If eosinophilia and asthma are absent, the following laboratory evaluations should be performed: cryoglobulins, complement levels, rheumatoid factor IgM (IgM-Rf), anti-cyclic citrullinated peptide (anti-CCP) antibodies, anti nuclear antibodies, and anti-GBM antibodies. Special attention should be paid to the detection of cryoglobulins. Since testing of these antibodies is very sensitive to cooling, we perform this test with preheated tubes. Furthermore, the tubes are kept at 37°C during transport to the laboratory to prevent cryoprecipitation prior to arriving in the laboratory Citation[13]. When these measures are not taken, the presence of cryoglobulins can be missed but suspected by the presence of low levels of complement in combination with high levels of IgM-Rf in the absence of anti-CCP antibodies.

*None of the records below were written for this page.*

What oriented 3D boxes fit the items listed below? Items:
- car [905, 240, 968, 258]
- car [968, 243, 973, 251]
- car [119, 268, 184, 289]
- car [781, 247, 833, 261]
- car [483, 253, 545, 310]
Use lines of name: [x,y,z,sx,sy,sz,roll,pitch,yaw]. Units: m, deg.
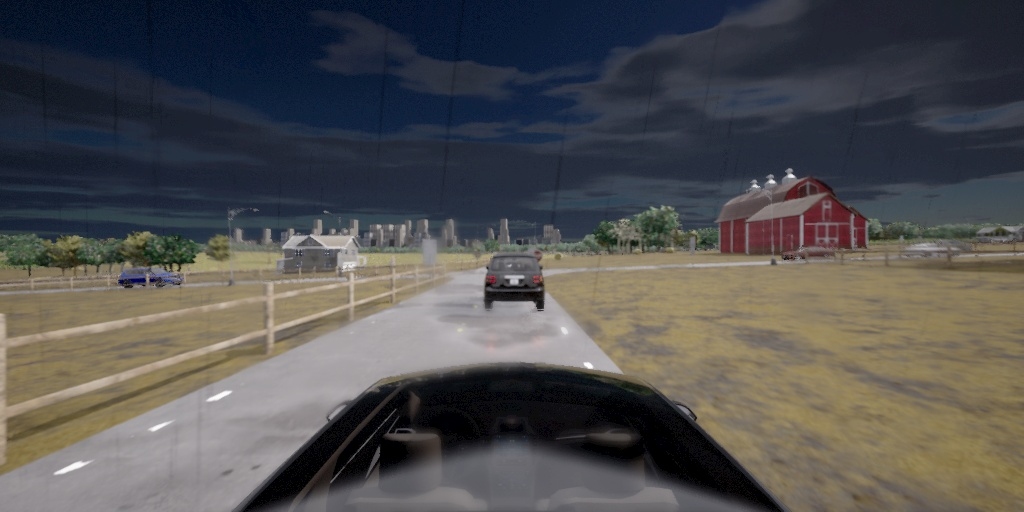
car: [44.173,-0.564,37.697,4.674,1.442,1.812,-2,0,0]
car: [49.063,-1.063,40.499,4.181,1.385,1.994,-2,0,0]
car: [-37.668,2.264,37.567,5.566,2.045,2.150,-2,0,0]
car: [33.255,-0.236,40.570,5.008,1.535,1.882,-2,0,0]
car: [0.099,0.914,14.396,2.150,2.045,5.566,0,0,1]
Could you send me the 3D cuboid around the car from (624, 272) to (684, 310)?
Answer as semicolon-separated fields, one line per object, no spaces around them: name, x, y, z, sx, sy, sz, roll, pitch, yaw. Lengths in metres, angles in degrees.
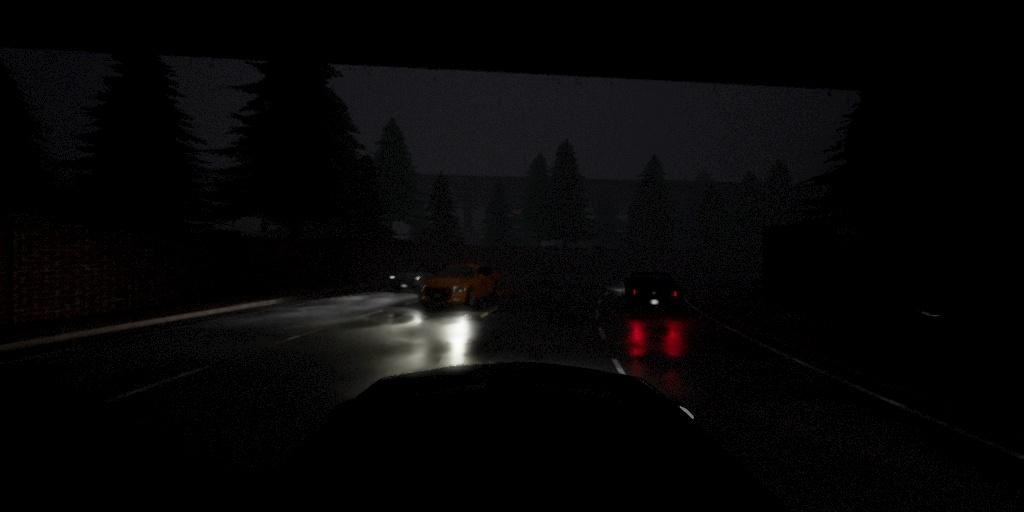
car;5.515;1.272;14.415;1.895;1.301;4.718;1;1;17

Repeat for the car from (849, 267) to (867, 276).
car;37.360;1.435;36.798;4.718;1.301;1.895;1;1;-6

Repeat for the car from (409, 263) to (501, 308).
car;-1.901;1.047;14.586;1.882;1.535;5.008;1;1;15

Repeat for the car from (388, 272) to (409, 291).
car;-4.332;1.085;18.908;1.895;1.301;4.718;1;1;19

When these laboratory evaluations are not helpful for making a diagnosis, the patient clinically suspected of pulmonary vasculitis may still suffer from localized GPA, large vessel vasculitides, and/or other forms of vasculitis. In these cases, a 18F-FDG-PET-CT scan can be the next step (). The 18F-FDG-PET-CT scanning has been used successfully for making a diagnosis of large vessel vasculitis Citation[1]. In addition, we found more recently that this technique is also useful for diagnosing active SSV and a negative 18F-FDG-PET-CT scan virtually excludes active pulmonary vasculitis Citation[14]. Besides, the extent of (sometimes unsuspected) Citation[15] organ involvement can be ascertained using this technique. A positive 18F-FDG-PET-CT scan is, however, not a specific finding and other diagnoses such as malignancy and tuberculosis still should be excluded. Therefore, in a patient clinically suspected of localized pulmonary GPA histological confirmation of vasculitis is mandatory.

3. Conclusion

Making a diagnosis of pulmonary vasculitis is challenging. Since correct and timely diagnosis is pivotal to start (immunosuppressive) therapy to avoid vasculitic damage, a complete patient history should be obtained and a physical examination performed. Initial laboratory evaluation should include inflammation markers, renal and liver function tests and the determination of ANCA. New developments in ANCA testing result in tests with excellent predictive value for the diagnosis of AAV-related pulmonary vasculitis. Consequently, ANCA should be tested with these tests of the so-called second or third generation. In patients who are ANCA negative, a simple algorithm is presented based on laboratory evaluation of autoantibodies and 18F-FDG-PET-CT scanning. Such an algorithm may be useful for accelerating the diagnostic process needed to make a diagnosis of pulmonary vasculitis, or alternatively, to quickly exclude such a diagnosis.

Declaration of interest

The author states no conflict of interest and have received no payment in preparation of this manuscript.

Acknowledgment

The author would like to thank B Wilde, MD, Department of Immunology, Maastricht University, Maastricht, the Netherlands for help with making the figure.